Finally, the following code sequence computes the \(L_2\) norm of the ridge regression coefficients for a given \(\lambda\). Note that to implement this evaluation in a tidy manner, vectorized functions are important! R provides great ways to vectorize a function, to learn more, Hadley Wickham’s book Advanced R is a highly recommended read!

l2_norm <- function(lambda) sum(ridge_regression(y = y, X = X, lambda = lambda)^2) # small helper function to extract the L_2 norm of the ridge regression coefficients

l2_norm <- Vectorize(l2_norm) # To use the function within a `mutate` operation, it needs to be vectorized

seq(from = 0.01, to = 20, by = 0.1) |>
  as_tibble() |>
  mutate(norm = l2_norm(value)) |>
  ggplot(aes(x = value, y = norm)) +
  geom_line() +
  labs(x = "Lambda", y = " L2 norm")

def l2_norm(lambda_):
    return np.sum(ridge_regression(y, X, lambda_)**2)
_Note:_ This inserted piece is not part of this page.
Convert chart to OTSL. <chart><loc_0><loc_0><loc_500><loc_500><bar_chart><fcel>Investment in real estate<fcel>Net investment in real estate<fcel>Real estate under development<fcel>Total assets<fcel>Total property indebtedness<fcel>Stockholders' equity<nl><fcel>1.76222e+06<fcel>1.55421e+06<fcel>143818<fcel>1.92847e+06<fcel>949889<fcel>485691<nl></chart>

l2_norm_vec = np.vectorize(l2_norm)


(pd.DataFrame({'value': np.arange(0.01, 20.1, 0.1)})
 .assign(norm=lambda df: l2_norm_vec(df['value']))
 .assign(gg=lambda df: ggplot(aes(x='value', y='norm'), df))
 .gg[0] + geom_line() + labs(x='Lambda', y='L2 norm')
)
<Figure Size: (640 x 480)>

To compute the coefficients of linear regression with a penalty on the sum of the absolute value of the regression coefficients, numerical optimization routines are required. Recall, the objective function is to minimize the sum of squared residuals, \(\hat\varepsilon'\hat\varepsilon\) under the constraint that \(\sum\limits_{j=2}^K\beta_j\leq t(\lambda)\). Make sure you familiarize yourself with the way, numerical optimization in R works: we first define the objective function (objective_lasso()) which has the parameter we aim to optimize as its first argument. The main function lasso_regression() then only calls this helper function.
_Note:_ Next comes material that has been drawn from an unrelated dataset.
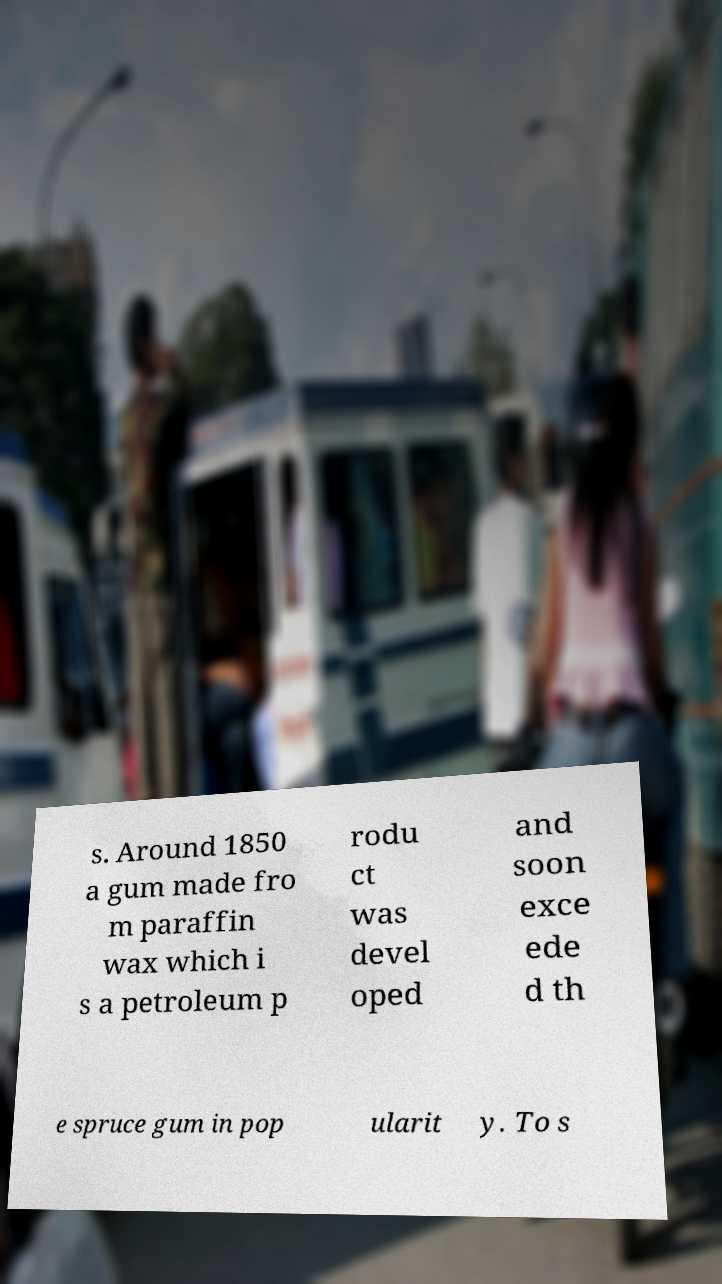Can you read and provide the text displayed in the image?This photo seems to have some interesting text. Can you extract and type it out for me? s. Around 1850 a gum made fro m paraffin wax which i s a petroleum p rodu ct was devel oped and soon exce ede d th e spruce gum in pop ularit y. To s

objective_lasso <- function(beta, y, X, lambda, intercept) {
  residuals <- y - X %*% beta
  sse <- sum(residuals^2)
  penalty <- sum(abs(beta))
  if (intercept) {
    penalty <- penalty - abs(beta[1])
  }
  return(sse + lambda * penalty)
}

lasso_regression <- function(y, X, lambda = 0, intercept = FALSE) {
  K <- ncol(X)
  beta_init <- rep(0, K)
  return(optim(par = beta_init, fn = objective_lasso, y = y, X = X, lambda = lambda, intercept = intercept)$par)
}

rc <- c(NA, lasso_regression(y, X, lambda = 0.01))

# Add an intercept term
rc_i <- lasso_regression(y, cbind(1, X), lambda = 0.01, intercept = TRUE)
cbind(rc, rc_i)
                 rc          rc_i
 [1,]            NA  0.0096046230
 [2,] -0.0022863154 -0.0017252818
 [3,] -0.0002070108  0.0006614537
 [4,]  0.0023213720  0.0033747079
 [5,]  0.0011347407  0.0021003890
 [6,] -0.1569968668 -0.1579413429
 [7,]  0.0108081380  0.0086589212
 [8,] -0.0453162049 -0.0384704743
 [9,] -0.0665363885 -0.0447920720
[10,] -0.0729540764 -0.0869272269
[11,]  0.1209782997  0.1274362520
[12,]  0.1558224690  0.1703234909
[13,]  0.0054452233 -0.0021434740
[14,] -0.0074491533 -0.0420856189
def objective_lasso(beta, y, X, lambda_, intercept):
    residuals = y - np.dot(X, beta)
    sse = np.sum(residuals**2)
    penalty = np.sum(np.abs(beta))
    if intercept:
        penalty -= np.abs(beta[0])
    return sse + lambda_ * penalty

def lasso_regression(y, X, lambda_=0, intercept=False):
    K = X.shape[1]
    beta_init = np.zeros(K)
    result = minimize(objective_lasso, beta_init, args=(y, X, lambda_, intercept))
    return result.x

# Without intercept
rc = np.concatenate(([np.nan], lasso_regression(y, X, lambda_=0.01)))

# With intercept
rc_i = lasso_regression(y, np.column_stack((np.ones(len(y)), X)), lambda_=0.01, intercept=True)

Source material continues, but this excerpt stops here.